*** TASK MATERIAL Section Begins ***

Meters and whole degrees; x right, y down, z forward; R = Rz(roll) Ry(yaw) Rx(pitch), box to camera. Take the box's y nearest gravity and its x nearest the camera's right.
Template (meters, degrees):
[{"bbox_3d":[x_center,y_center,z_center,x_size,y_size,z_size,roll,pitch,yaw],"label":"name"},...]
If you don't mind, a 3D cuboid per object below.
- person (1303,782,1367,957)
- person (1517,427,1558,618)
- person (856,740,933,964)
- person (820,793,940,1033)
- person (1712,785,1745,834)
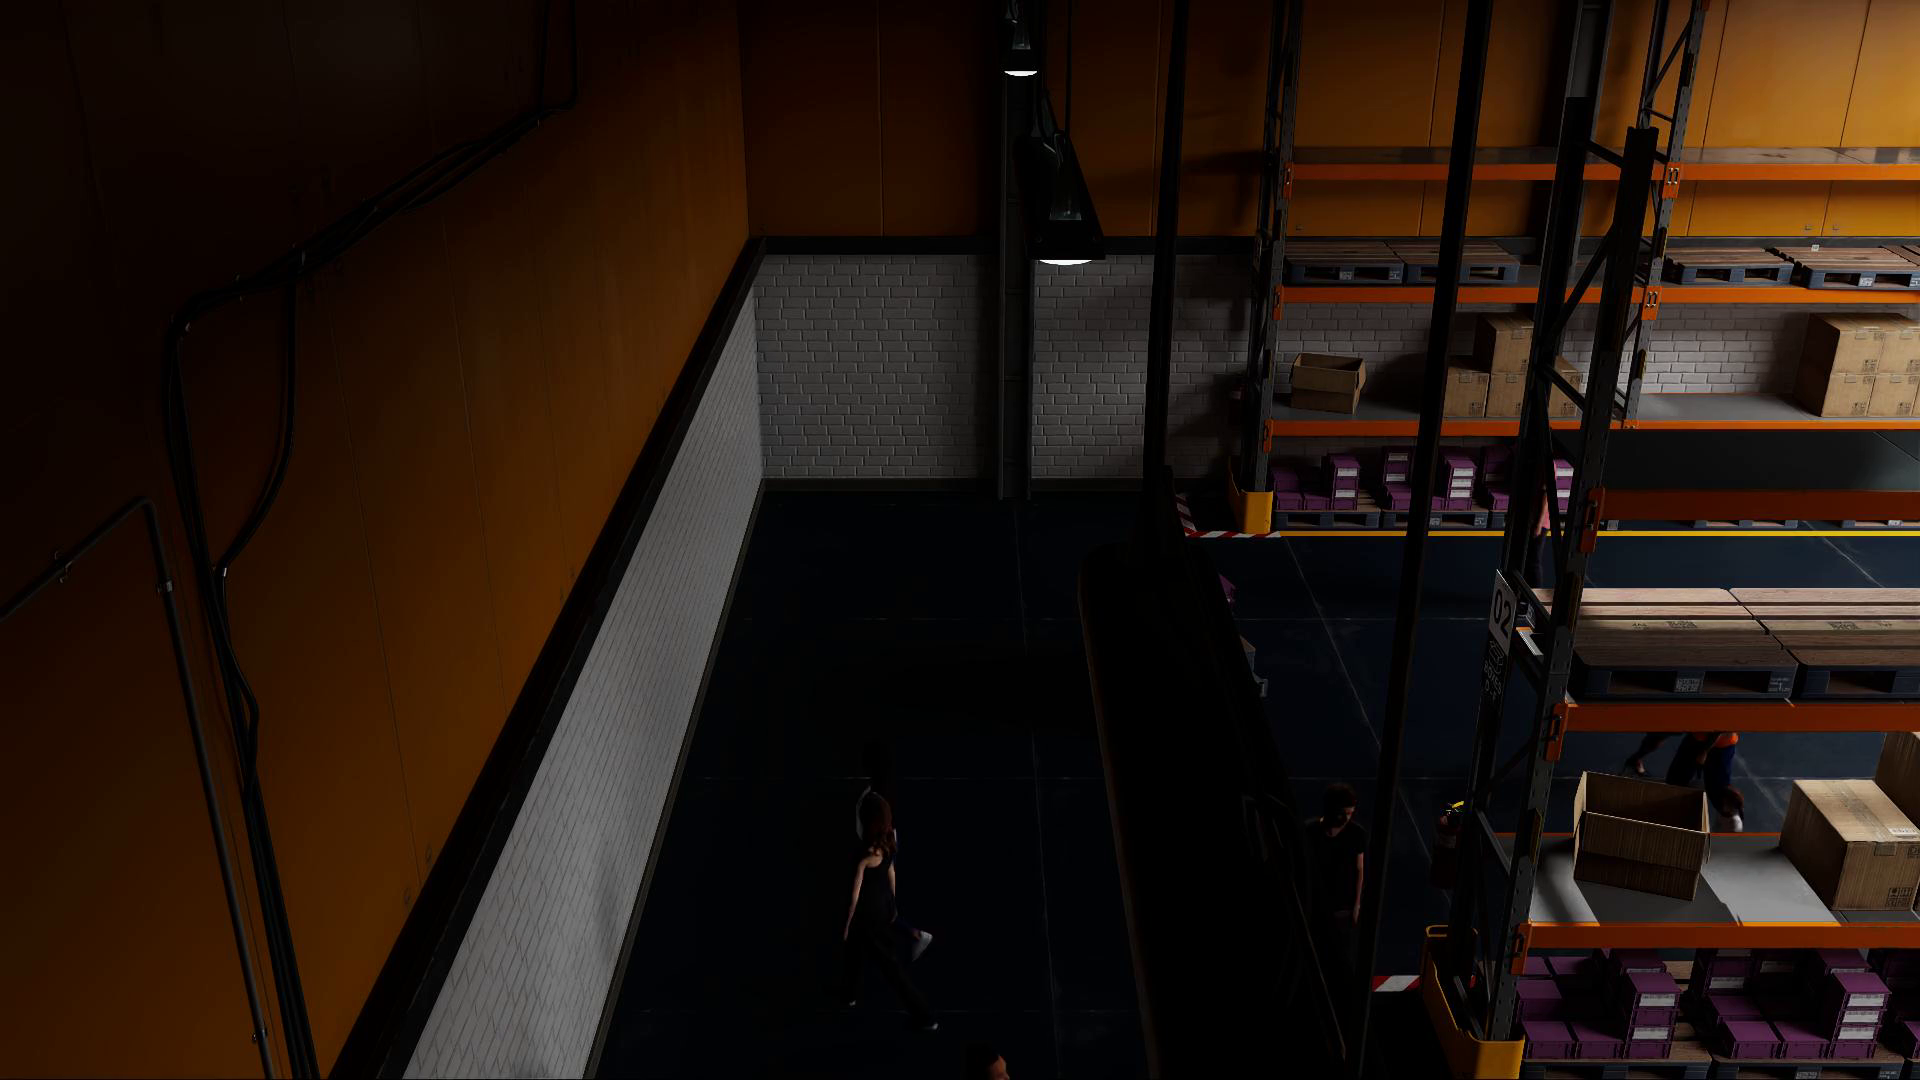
[{"bbox_3d":[2.340,2.329,10.842,0.729,1.846,0.760,1,24,2],"label":"person"},{"bbox_3d":[5.726,-0.204,16.498,0.555,1.956,0.632,-1,24,-2],"label":"person"},{"bbox_3d":[-0.463,2.166,11.322,0.880,1.759,0.711,5,24,11],"label":"person"},{"bbox_3d":[-0.475,2.448,10.739,1.211,1.711,0.905,10,26,22],"label":"person"},{"bbox_3d":[5.606,2.255,12.082,0.747,0.987,0.515,-5,24,-12],"label":"person"}]

*** TASK MATERIAL Section Ends ***

» **WHAT IS REQUIRED**
An exact, complete copy of the lines above from the one with "If you don't" through the one with "- person (820,793,940,1033)" is the whole answer.

» **RESULT FOR THIS TASK**
If you don't mind, a 3D cuboid per object below.
- person (1303,782,1367,957)
- person (1517,427,1558,618)
- person (856,740,933,964)
- person (820,793,940,1033)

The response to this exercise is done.